ACTIVITY - Write out every line from the listing below where the string "Lengths" is found.
====================
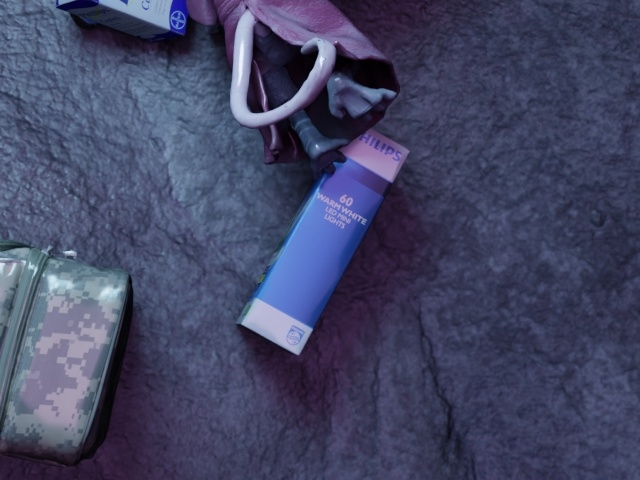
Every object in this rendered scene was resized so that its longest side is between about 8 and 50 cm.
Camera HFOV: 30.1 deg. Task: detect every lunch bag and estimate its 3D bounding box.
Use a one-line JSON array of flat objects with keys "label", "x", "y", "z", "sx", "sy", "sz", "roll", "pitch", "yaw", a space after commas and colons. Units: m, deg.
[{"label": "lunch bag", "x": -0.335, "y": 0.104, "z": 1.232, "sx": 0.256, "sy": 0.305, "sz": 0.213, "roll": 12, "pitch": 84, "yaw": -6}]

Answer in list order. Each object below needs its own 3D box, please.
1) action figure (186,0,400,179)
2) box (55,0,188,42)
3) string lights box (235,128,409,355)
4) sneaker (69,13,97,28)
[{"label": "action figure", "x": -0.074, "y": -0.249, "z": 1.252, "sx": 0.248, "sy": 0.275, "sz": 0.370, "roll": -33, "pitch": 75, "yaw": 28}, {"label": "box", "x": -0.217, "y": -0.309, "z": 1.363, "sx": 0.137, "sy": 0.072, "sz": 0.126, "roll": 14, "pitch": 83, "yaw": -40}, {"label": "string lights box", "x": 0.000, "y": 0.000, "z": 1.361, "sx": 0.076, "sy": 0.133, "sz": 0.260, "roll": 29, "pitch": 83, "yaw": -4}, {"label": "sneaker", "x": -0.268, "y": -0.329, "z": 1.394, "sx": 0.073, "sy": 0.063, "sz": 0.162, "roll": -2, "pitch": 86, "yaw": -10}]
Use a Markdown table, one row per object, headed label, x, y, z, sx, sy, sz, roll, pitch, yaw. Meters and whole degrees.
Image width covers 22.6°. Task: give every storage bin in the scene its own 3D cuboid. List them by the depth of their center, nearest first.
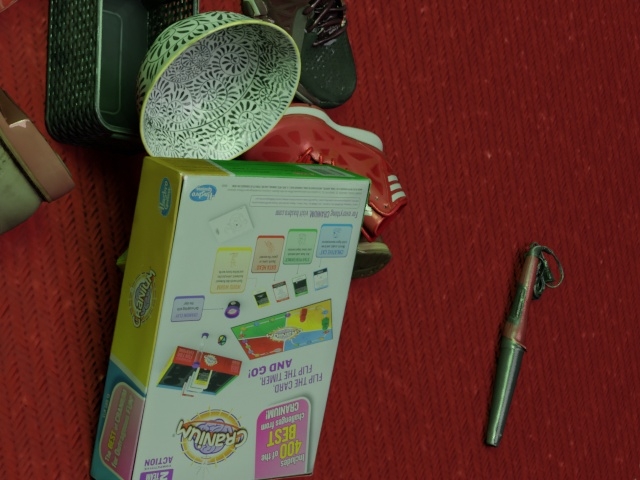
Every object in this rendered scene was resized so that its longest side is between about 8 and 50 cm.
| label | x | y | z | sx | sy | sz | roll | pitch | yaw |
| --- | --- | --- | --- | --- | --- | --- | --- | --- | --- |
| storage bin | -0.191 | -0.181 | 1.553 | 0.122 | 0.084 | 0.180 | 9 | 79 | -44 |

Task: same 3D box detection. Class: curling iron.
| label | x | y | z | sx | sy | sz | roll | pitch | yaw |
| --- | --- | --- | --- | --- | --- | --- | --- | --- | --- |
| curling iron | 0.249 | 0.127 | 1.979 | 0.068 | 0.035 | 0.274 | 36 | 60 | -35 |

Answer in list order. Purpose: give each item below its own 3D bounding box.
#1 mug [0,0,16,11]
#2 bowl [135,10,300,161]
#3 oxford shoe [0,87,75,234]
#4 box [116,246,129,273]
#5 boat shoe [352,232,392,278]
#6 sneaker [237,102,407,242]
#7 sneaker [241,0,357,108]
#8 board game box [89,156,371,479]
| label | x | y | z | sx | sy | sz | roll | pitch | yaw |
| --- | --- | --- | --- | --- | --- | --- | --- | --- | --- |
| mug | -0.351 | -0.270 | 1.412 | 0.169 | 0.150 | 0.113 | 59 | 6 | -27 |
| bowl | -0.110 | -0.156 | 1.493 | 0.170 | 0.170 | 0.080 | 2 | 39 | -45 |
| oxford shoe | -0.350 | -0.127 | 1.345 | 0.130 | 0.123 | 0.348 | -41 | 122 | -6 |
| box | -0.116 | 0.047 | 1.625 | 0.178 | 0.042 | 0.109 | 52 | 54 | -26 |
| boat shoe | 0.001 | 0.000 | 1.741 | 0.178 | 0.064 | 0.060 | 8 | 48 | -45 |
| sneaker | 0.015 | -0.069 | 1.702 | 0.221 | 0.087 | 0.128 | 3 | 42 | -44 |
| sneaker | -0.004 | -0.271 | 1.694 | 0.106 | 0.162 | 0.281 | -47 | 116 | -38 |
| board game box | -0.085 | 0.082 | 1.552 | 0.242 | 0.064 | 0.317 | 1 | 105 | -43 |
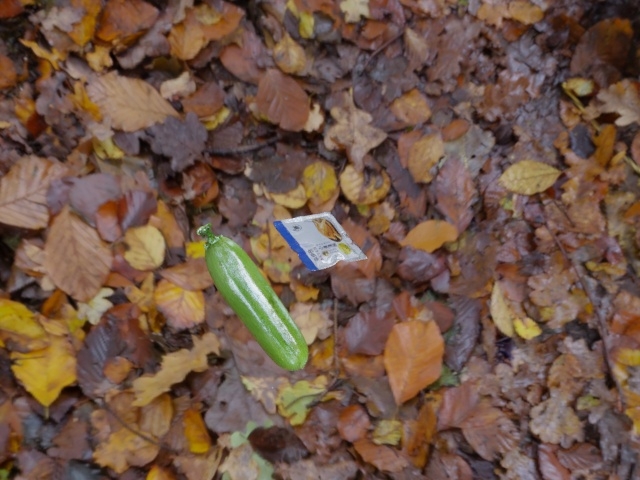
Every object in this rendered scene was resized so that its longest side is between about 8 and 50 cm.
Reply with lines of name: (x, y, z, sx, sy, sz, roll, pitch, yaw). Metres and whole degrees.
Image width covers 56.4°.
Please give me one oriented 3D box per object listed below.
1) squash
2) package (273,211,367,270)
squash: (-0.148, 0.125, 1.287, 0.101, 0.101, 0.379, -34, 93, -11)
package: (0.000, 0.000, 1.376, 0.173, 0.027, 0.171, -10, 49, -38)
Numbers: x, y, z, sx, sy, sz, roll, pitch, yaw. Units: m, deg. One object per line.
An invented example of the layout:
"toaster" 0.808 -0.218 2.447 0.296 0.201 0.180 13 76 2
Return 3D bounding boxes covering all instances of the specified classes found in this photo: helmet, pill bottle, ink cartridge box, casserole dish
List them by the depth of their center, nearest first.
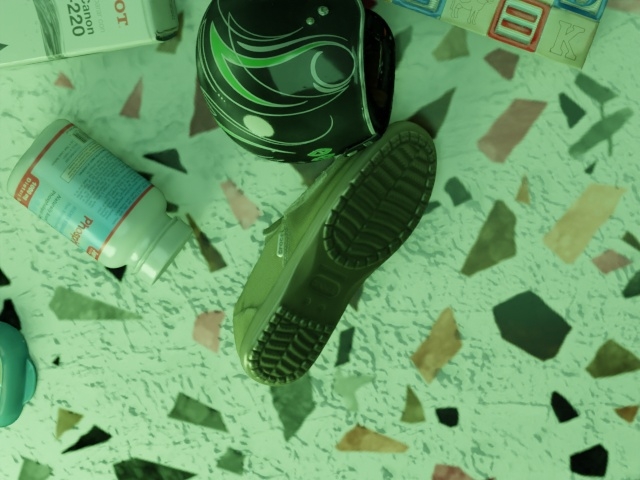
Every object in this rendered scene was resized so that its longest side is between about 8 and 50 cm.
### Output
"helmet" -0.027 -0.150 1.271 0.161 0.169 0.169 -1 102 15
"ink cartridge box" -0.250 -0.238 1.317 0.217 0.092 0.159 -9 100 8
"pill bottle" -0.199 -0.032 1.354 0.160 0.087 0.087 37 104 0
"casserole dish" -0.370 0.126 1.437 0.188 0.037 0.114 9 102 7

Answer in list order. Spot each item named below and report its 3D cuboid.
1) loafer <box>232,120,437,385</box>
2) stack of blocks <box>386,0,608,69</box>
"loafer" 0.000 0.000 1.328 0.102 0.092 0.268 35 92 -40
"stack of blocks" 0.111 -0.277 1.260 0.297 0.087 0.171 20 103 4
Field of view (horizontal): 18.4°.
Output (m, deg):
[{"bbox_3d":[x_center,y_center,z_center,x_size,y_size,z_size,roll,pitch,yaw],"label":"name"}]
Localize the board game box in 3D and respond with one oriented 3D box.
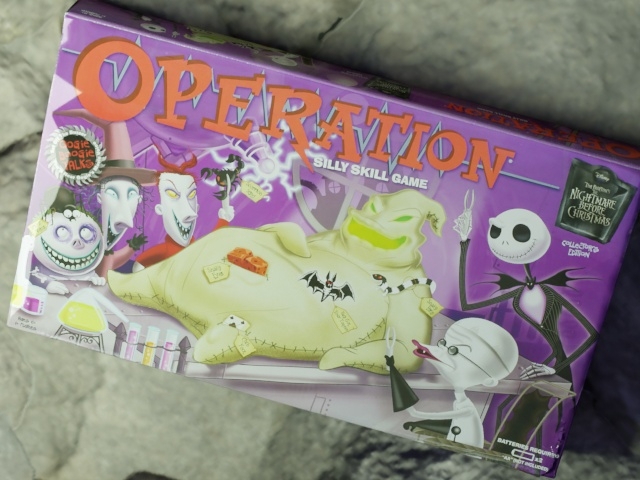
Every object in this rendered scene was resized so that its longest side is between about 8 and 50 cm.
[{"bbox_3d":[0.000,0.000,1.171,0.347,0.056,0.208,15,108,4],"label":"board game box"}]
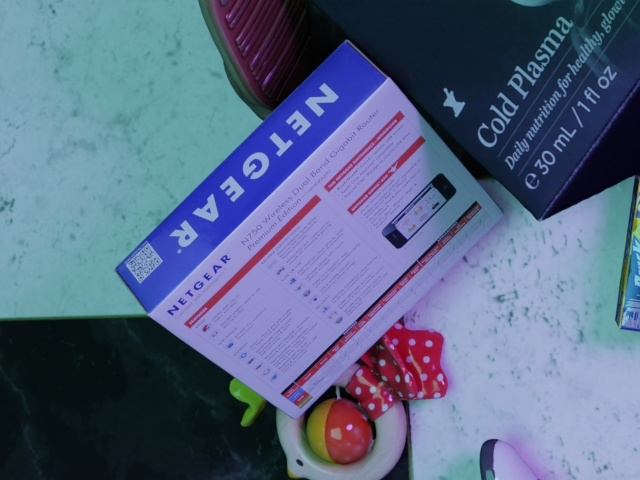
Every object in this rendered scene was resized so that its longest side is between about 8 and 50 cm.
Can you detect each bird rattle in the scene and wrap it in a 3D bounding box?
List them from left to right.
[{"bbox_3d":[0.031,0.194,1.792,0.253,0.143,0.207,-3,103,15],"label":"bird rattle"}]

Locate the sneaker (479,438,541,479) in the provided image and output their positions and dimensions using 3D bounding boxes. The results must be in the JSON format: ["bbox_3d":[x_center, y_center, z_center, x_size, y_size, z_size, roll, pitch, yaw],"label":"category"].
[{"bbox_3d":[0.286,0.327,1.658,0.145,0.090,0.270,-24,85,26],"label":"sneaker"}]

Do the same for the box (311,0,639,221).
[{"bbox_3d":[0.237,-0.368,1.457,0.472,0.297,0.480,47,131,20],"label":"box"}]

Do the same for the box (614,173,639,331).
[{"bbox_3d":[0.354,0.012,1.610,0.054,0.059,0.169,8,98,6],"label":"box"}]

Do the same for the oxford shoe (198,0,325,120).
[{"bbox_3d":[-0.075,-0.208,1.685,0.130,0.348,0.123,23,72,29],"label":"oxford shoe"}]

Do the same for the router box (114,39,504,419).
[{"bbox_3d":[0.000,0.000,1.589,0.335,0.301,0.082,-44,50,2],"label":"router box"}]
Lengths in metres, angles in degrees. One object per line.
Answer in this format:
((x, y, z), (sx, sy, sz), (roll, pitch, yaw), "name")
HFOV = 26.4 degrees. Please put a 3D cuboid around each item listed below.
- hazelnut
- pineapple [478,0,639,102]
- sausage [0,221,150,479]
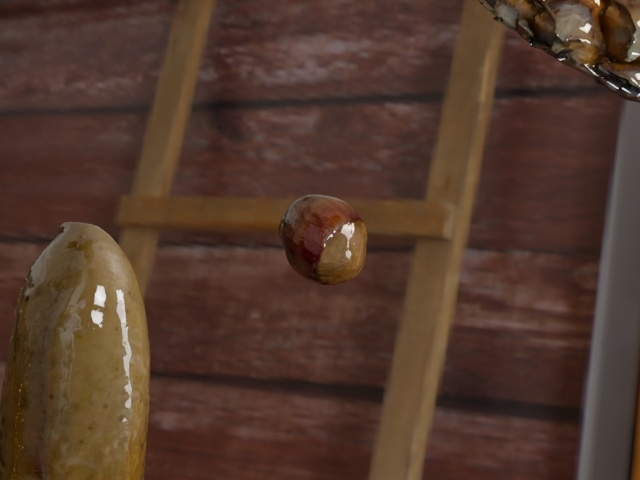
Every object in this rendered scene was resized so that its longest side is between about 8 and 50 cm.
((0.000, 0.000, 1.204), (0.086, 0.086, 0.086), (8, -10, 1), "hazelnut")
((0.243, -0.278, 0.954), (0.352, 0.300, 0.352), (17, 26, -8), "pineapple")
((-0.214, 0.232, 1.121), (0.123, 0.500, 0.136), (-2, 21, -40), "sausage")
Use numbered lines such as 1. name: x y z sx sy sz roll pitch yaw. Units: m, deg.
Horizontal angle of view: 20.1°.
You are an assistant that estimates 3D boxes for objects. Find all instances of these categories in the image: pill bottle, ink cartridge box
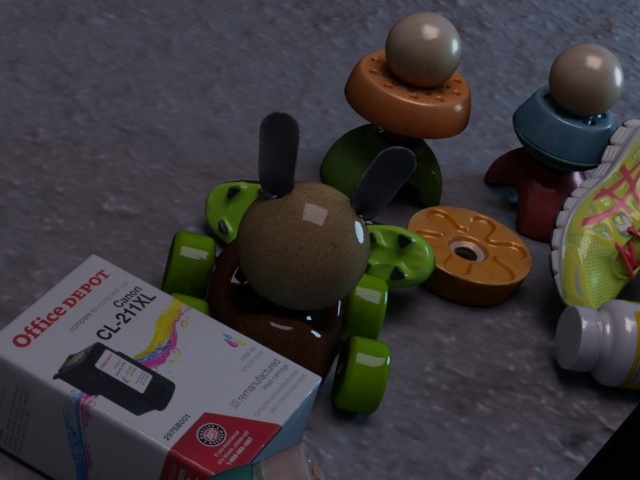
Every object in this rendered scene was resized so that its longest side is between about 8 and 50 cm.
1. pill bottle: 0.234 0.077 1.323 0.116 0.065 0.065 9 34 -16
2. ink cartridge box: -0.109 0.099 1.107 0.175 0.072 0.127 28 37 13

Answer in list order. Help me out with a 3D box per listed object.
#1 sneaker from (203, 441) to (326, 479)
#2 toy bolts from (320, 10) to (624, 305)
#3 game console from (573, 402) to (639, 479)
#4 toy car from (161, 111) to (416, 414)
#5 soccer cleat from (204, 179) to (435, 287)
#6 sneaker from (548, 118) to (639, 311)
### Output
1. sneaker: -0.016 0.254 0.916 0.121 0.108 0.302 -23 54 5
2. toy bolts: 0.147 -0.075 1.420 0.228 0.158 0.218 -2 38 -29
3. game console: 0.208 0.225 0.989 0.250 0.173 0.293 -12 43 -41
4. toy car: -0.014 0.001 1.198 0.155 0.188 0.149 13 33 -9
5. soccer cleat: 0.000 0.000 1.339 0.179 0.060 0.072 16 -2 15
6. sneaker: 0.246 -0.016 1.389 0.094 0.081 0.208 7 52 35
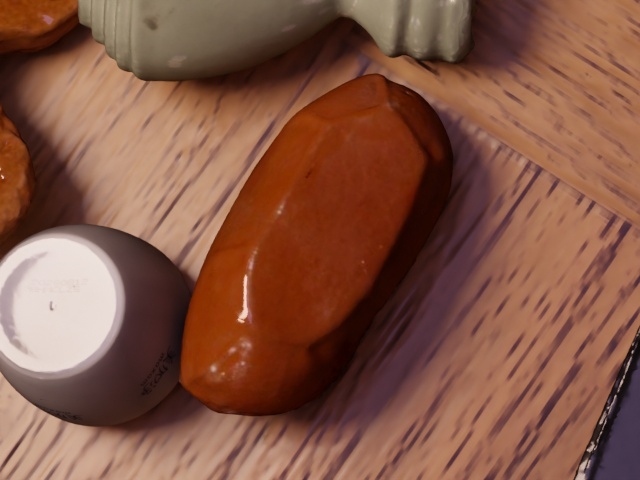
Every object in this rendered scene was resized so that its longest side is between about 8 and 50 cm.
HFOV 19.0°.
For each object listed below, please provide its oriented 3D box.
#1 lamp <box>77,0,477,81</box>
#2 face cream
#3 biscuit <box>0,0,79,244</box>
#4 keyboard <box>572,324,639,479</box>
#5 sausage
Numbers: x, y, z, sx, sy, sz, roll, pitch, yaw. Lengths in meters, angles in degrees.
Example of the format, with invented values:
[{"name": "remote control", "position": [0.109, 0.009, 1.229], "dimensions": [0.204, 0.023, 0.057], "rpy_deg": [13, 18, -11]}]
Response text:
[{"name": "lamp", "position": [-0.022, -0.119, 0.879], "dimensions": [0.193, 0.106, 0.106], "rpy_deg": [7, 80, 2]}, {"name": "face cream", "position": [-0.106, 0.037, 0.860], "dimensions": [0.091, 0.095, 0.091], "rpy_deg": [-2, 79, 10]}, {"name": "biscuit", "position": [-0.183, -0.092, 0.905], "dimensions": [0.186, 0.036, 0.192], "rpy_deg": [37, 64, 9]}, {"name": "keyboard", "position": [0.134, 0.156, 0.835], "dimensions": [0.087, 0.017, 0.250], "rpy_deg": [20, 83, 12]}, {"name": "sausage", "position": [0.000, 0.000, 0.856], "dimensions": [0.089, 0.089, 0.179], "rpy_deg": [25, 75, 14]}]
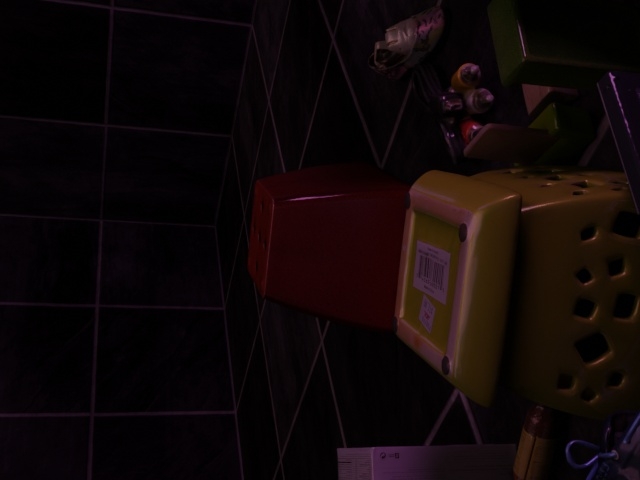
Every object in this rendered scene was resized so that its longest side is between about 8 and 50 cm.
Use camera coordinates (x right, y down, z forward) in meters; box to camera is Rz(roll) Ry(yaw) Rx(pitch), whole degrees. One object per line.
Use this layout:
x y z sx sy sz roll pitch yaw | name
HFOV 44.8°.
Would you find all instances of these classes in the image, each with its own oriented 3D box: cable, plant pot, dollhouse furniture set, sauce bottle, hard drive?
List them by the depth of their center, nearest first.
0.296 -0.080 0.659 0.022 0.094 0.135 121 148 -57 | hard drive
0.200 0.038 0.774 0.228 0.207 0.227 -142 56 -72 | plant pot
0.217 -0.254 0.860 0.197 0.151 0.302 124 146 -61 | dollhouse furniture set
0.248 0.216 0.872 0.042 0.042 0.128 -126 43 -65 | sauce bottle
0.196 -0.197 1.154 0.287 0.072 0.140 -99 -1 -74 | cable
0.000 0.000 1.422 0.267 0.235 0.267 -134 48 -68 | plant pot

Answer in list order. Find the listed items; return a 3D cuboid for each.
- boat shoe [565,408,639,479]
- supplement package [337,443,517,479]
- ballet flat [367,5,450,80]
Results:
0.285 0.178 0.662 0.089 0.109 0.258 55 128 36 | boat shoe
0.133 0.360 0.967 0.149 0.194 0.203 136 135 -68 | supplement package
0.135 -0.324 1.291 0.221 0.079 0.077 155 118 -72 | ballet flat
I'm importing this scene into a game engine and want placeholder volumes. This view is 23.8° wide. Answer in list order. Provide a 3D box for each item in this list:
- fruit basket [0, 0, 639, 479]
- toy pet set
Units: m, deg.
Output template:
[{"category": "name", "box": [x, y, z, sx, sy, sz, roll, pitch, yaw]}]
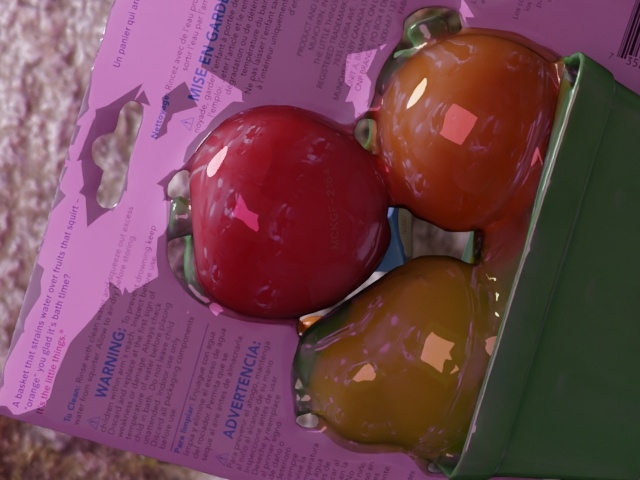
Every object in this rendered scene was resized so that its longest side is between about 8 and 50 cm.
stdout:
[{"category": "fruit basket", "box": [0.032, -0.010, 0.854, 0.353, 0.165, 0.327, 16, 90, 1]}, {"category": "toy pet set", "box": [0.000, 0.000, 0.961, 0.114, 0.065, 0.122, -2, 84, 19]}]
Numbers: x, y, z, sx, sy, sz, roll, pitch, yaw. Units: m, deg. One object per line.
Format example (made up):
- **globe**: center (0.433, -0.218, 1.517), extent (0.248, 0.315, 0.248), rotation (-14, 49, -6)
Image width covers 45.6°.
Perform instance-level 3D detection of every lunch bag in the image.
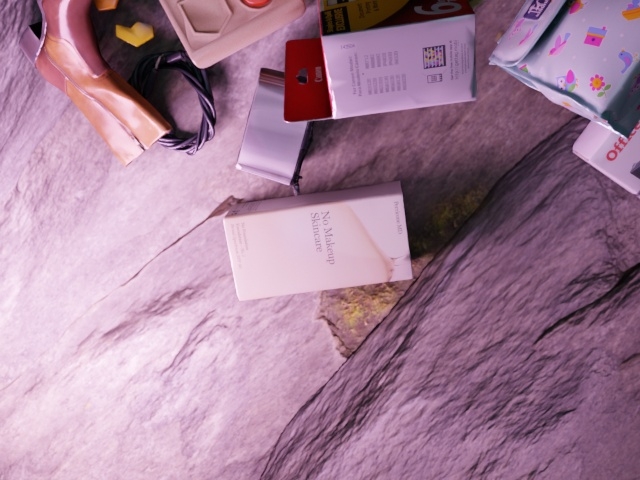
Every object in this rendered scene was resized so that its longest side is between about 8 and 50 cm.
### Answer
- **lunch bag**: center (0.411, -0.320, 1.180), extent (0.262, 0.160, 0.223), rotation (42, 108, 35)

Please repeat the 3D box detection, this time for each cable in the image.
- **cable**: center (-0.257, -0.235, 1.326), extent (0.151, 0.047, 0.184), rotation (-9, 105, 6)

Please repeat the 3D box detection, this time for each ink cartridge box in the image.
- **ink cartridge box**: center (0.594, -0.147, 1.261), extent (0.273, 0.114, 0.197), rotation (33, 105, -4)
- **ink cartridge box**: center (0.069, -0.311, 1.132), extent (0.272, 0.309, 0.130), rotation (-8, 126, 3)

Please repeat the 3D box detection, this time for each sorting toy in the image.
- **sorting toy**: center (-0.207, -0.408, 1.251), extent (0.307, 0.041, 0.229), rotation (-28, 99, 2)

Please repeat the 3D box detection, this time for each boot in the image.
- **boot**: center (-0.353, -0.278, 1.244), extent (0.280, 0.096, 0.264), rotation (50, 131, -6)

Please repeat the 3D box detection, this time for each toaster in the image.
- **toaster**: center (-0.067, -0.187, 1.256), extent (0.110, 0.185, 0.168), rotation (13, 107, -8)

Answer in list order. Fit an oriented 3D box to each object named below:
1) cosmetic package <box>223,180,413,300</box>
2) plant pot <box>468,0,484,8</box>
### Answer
====================
RESPONSE -
Lengths in metres, angles in degrees. One object per line.
Numbers: x, y, z, sx, sy, sz, roll, pitch, yaw. Lengths in meters, angles in degrees.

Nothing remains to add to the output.